Я вхожу прямо в большую комнату под низким потолком, вроде церковного подвала. Стены желтые, свет в комнате тоже странно желтый. Во сне я вспоминаю, что такой цвет обычно называют "мочевидным", и это слово, во сне, мне кажется смешным. Воздух густой, тягучий, прямо жидкость. На зеленом диване в центре комнаты сидит очень маленький человечек — карлик? лилипут? Он смотрит телевизор — крошечный черно-белый аппарат стоит на стуле перед диваном. Больше мебели в комнате нет никакой. Карлик — или это лилипут — немолодой, широкоплечий, кряжистый, с невыразительным, пустым лицом. Одет очень прилично: темный костюм в полосочку, котелок, галстук-бабочка. Я знаю, что он сбежал из цирка и что мне положено его поймать и туда вернуть. Я знаю, это — "важная задача", и мысль, что я не справлюсь, наводит на меня тоску.

Карлик не замечает, что я вошел, он смотрит себе телевизор и хохочет. Хохочет даже в рекламных паузах. Я думаю о том, как бы привлечь его внимание, и наконец он поднимает взгляд — прочитав, наверно, мои мысли, — и охлопывает ладошкой диван с собою рядом, Я понимаю: приглашает сесть, вместе смотреть телевизор. Я отрицательно трясу головой. И в то же время вынимаю небольшой моток веревки. Он смотрит, видит, вытаращивает глаза — преувеличенно, пародийно изображая страх. А потом он показывает мне язык, соскальзывает с дивана, хватает свой крохотный телевизор и, зажав его под мышкой, пустив играть по полу шнур с вилкой, улепетывает в другую комнату. Я удивлен его проворством — крошечные ножки мелькают, как спицы колеса, сливаясь и мутясь, — он как фигурка в комиксе. Я тороплюсь за ним — у меня ноги по-прежнему налиты свинцом — и оказываюсь будто в гостиничном убогом номере. Я плыву по густому мочевидному воздуху, я даже работаю руками, как пловец. Я знаю: он где-то здесь, он в комнате, он прячется. Ищу под кроватью, по всем ящикам, заглядываю за штору, даже за потрескавшееся зеркало на туалетном столике. Наконец замечаю: шнур от телевизора вьется из-под двери как крысиный хвост. Распахиваю эту дверь и вижу: сидит, скрючившись, в самой глубине кладовки. И перебирает кнопки на своем телике, который стоит на груде женской обуви прямо перед ним. Я его хватаю, тяну за ноги, он хихикает. Я хочу сунуть его, головой вперед, в холщовый мешок, и тут он поднимает визг.
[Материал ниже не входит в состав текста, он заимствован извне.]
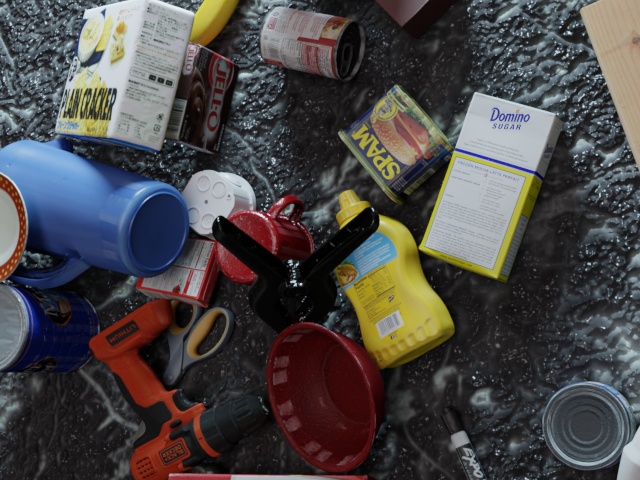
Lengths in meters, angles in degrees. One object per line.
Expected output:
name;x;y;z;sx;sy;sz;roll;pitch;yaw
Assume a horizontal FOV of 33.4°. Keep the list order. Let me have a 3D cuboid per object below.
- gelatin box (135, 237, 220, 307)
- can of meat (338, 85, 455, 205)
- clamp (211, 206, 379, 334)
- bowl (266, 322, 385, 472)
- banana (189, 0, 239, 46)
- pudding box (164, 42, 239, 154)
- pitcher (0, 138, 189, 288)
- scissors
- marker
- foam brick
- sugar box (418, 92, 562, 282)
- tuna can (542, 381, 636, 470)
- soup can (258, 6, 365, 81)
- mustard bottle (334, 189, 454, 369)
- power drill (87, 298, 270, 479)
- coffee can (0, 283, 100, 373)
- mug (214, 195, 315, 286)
gelatin box;-0.161;0.034;1.242;0.089;0.030;0.073;8;70;25
can of meat;0.084;-0.104;1.141;0.084;0.057;0.102;-41;69;12
clamp;-0.018;0.036;1.109;0.164;0.210;0.036;-7;52;0
bowl;0.015;0.158;1.120;0.162;0.055;0.162;16;113;43
banana;-0.123;-0.299;1.271;0.070;0.037;0.198;36;99;23
pudding box;-0.141;-0.163;1.233;0.039;0.089;0.113;16;91;27
pitcher;-0.275;-0.024;1.229;0.243;0.144;0.149;15;111;36
scissors;-0.181;0.142;1.254;0.202;0.016;0.096;-46;66;13
marker;0.153;0.226;1.087;0.020;0.020;0.121;-29;72;19
foam brick;0.108;-0.266;1.152;0.078;0.051;0.053;-43;69;14
sugar box;0.175;-0.055;1.098;0.093;0.048;0.176;21;89;26
tuna can;0.260;0.180;1.035;0.086;0.033;0.086;-3;82;24
soup can;-0.010;-0.220;1.192;0.102;0.068;0.068;16;90;26
mustard bottle;0.063;0.033;1.130;0.096;0.058;0.192;-35;69;34
power drill;-0.166;0.164;1.204;0.185;0.057;0.188;-30;80;17
coffee can;-0.344;0.106;1.264;0.103;0.140;0.103;-3;82;24
mug;-0.058;0.001;1.178;0.093;0.081;0.117;39;100;24

Проснулся я от воя приехавшего за мусором грузовика. Сон был прилипчивый, весь день кусками вклинивался в мои мысли. Сначала к нему приклеился запах тревоги, но потом он испарился.

С глазами у меня не стало лучше. Среди всего прочего я принес из подвала пластиковый брезент, и я его повесил на окна в гостиной, чтоб спастись от режущего света. Гостиная теперь вся такая дивно голубая.

Вчера на Монро-стрит, по выходе из банка, увидел Фрэн, и я пошел за ней, иду, иду, она все ускоряет шаг, все ускоряет и вот наконец в панике пускается бегом, взбегает на какое-то крыльцо и давай колотить обоими кулаками в дверь. Я прошел мимо, даже не глянул в ее сторону, будто и понятия не имел, что это она шла впереди. Интересно: знает ли она кого-то в этом доме?

Целую.

Энди.

*

Адам сюда подался потому, что одному побыть хотелось, и ни о чем не думать, и чтобы ждать тут Сола, своего меньшого брата. Вспомнил про Сола и аж сплюнул. Слюна плюхнулась на пол, светлой горкой, в пыль. Вспомнился насмешливый взгляд Сола, жирные волосы, косая козлиная бороденка. Снова лег на тюфяк, плюхнулся тяжко. Ветер, слышно было, вздыхал в высокой траве за домом. Слышно было: чайки кричат, кружа над озерным берегом, — белые носовые платки, а их несет и встряхивает ветер. И вспомнились Адаму иные берега, иные птицы. Иная вспомнилась трава.

Фло спрыгнула из кабинки наемного грузовика на землю, хлопнула дверцей, обошла грузовик. Откинула заднюю стенку кузова, выволокла два почти неотесанных бревна — трап самодельный, — ногою в сапоге бревна эти вжала концами в дорожную грязь, а потом осторожно по трапу этому скатила зеленую газонокосилку Джона Аира на гравии у обочины. В сторону дома она не глянула, но она чувствовала на себе его взгляд.

Ибо от стука задней стенки кузова поневоле он вскочил с постели, где все утро провалялся, покуда солнце взбиралось по небу все выше и все настырней становились крики чаек, мешаясь, кажется, с собачьим дальним лаем. Лежал с открытыми глазами и в потолок смотрел, на водянисто-желтые разводы. Среди разводов этих различил он очерк Британии, и еще много было пятен, поразительно похожих на громадные головы цветной капусты, а над окном уселась большущая лягушка с теннисной ракеткою во рту. О, как живо она напомнила лягушек в Веллфлите, и как дивны были тамошние теннисные корты с земляным покрытием! А тут уж и другое многое нахлынуло: тот дом, тот черный "мерседес", и в том шезлонге загорает Гленда. Вспомнилось, как вышел тогда из дому, стакан в руке. Встал перед ней, над ней, увидел собственное отражение в солнечных очках, удвоенное отражение. Она сняла очки. Тревога метнулась в смеющихся глазах. И он в них тоже отразился, странно крошечный. "Когда я подъезжал вчера, — сказал, — какой-то мужчина стоял рядом с домом".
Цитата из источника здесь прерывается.